Note that input points are sorted in ascending order of their coordinates and this is actually a small hint. Consider some two adjacent points x[i] and x[i+1], 0 ≤ i < N-1. Let P be a point between these two points and its coordinate be x₀. Denote the total value of gravitational forces directed to the left from P as L(x₀) and the total value of gravitational forces directed to the right from P as R(x₀). In order for P to be an equilibrium point we should have L(x₀) = R(x₀) or, equivalently, L(x₀) - R(x₀) = 0.

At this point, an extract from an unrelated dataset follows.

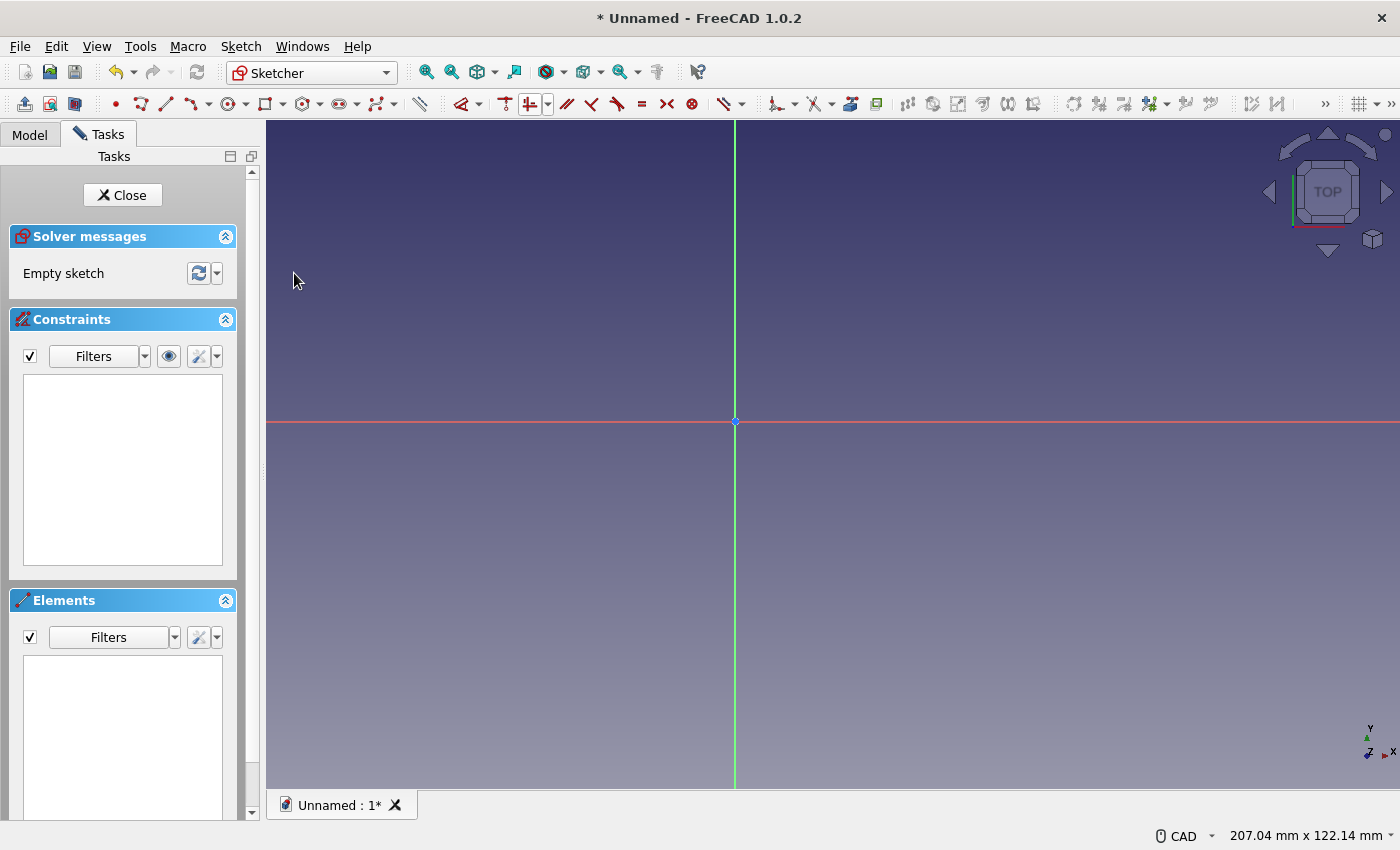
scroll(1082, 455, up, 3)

Let's investigate the behaviour of functions L and R. When x₀ is increased, the distances between P and each of the input points located to the left of P are increased and therefore all gravitational forces between P and these points are decreased. Therefore L(x₀) is a monotonically decreasing function, and similarly R(x₀) is a monotonically increasing function. When x₀ tends to x_i from the right, the distance between P and the i-th point tends to +0 and therefore L(x₀) tends to positive infinity. The same argument shows that R(x₀) tends to positive infinity when x₀ tends to x_i+1 from the left.

If we sum up all these properties, we'll see that L(x₀) - R(x₀) is a monotonically decreasing function, which tends to positive infinity when x₀ tends to x_i+0 and tends to negative infinity when x₀ tends to x_i+1-0. This means that equation L(x₀) - R(x₀) = 0 has exactly one root on the segment [x[i], x[i+1]], i.e. there's exactly one equilibrium point between each pair of adjacent input points. As usual in cases when we should find the root of a monotonically increasing/decreasing function, binary search can be used to do the job. If you're not familiar with binary search, this tutorial will surely help you to fill in this gap.

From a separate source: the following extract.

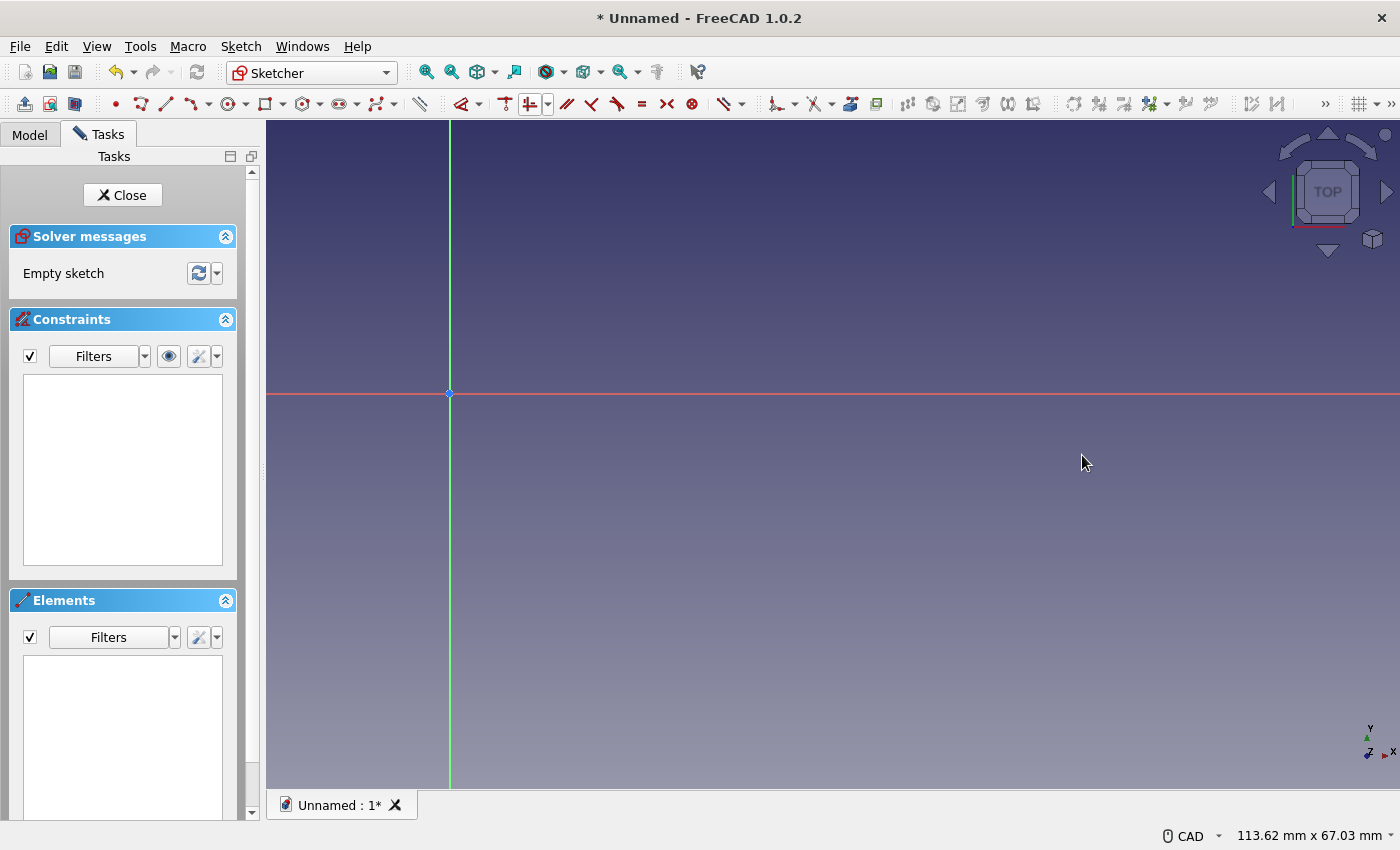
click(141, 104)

The most popular error made by contestants was early search termination. Note that you can safely terminate the search either after sufficiently large number of iterations (for example, 100) or when the searched segment length becomes sufficiently small (i.e. less than 1e-9), but not after the value of |L(x₀) - R(x₀)| becomes less than 1e-9. For more information regarding this, please check the following thread.

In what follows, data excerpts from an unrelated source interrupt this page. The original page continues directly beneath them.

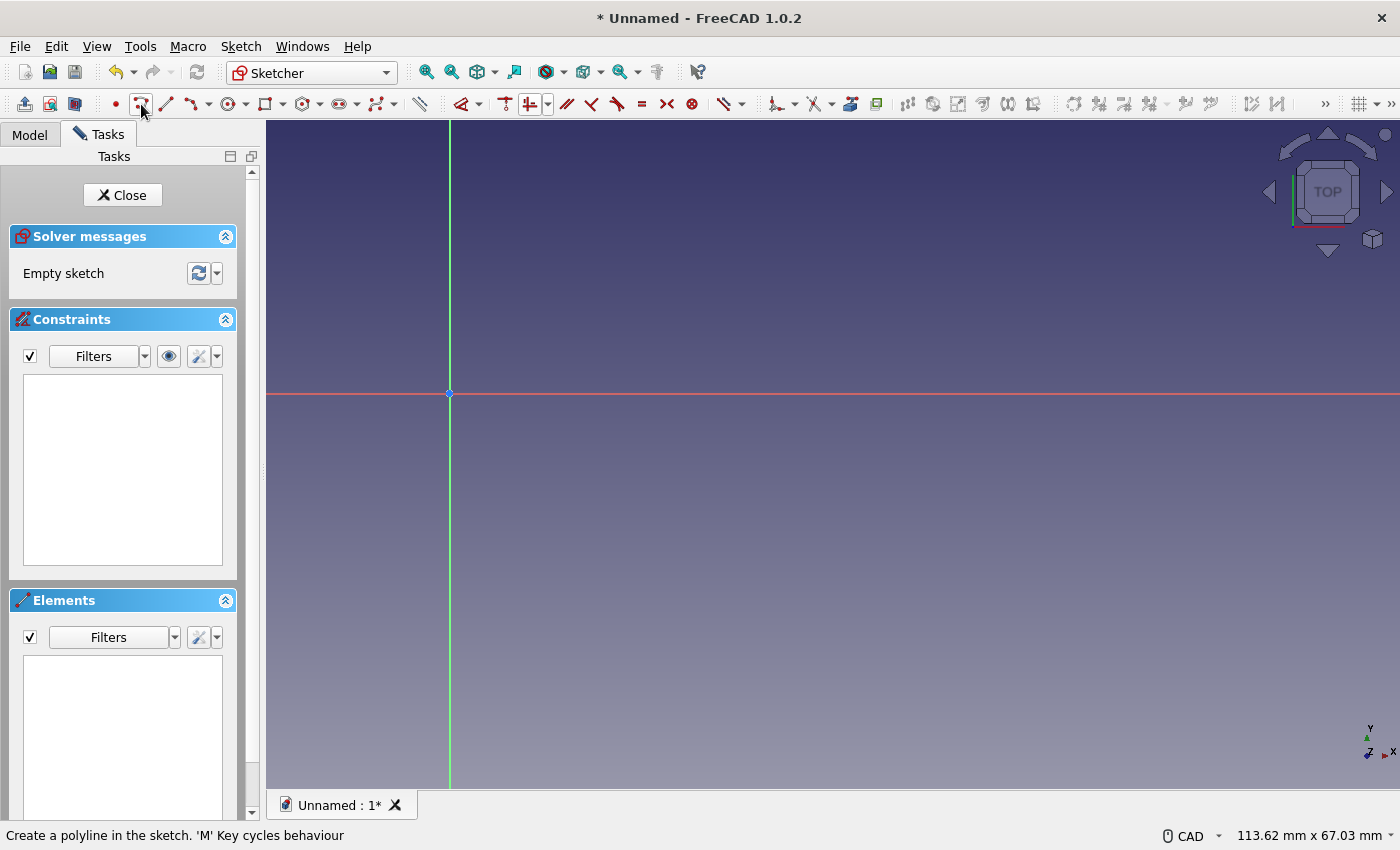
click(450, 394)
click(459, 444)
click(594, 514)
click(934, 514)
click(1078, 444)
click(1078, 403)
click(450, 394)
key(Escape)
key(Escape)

For clean implementation of the described approach, please check the fastest correct submission on this problem by JongMan.

Value	1000
Submission Rate	41 / 119 (34.45%)
Success Rate	20 / 41 (48.78%)
High Score	Kankuro for 912.51 points (8 mins 58 secs)
Average Score	613.08 (for 20 correct submissions)

The natural question one could ask after reading a problem statement is: «How many numbers in range [1...10^9] form a non-decreasing sequence of digits?» The answer is suprisingly small: there are only 48619 such numbers. The competitors could either believe in this fact and start coding or calculate this number to be sure. For example, it can be obtained using the following dynamic programming approach. Let DP[n][s] be the number of non-decreasing digit sequences of length n with the first digit s. Then DP[1][1] = … = DP[1][9] = 1. DP[n][s] can be calculated as the sum of DP[n-1][k] for all k ≥ s. The required number is the sum of all DP[n][s] for 1 ≤ n, s ≤ 9 (the number must contain up to 9 digits and start with any digit except zero).

So, the quantity of «good» numbers is small enough and we can generate all of them, for example by the recursive procedure which takes number n with last digit d and tries to append it with all digits not less than d. Now we can calculate the answer for the problem during the recursion: check if the current good number lies on the right scale, calculate the corresponding number on the left scale and check if their concatenation forms a non-decreasing digit sequence. See bbi5291's solution as a reference to this approach. Another way is to generate all «good» numbers and put them into set. Now for all «good» numbers on the left scale we should check if the corresponding number on the right scale also lies in the set and if the last digit of the left number is not greater than the first digit of the right number. See litwin's short and elegant implementation of this approach.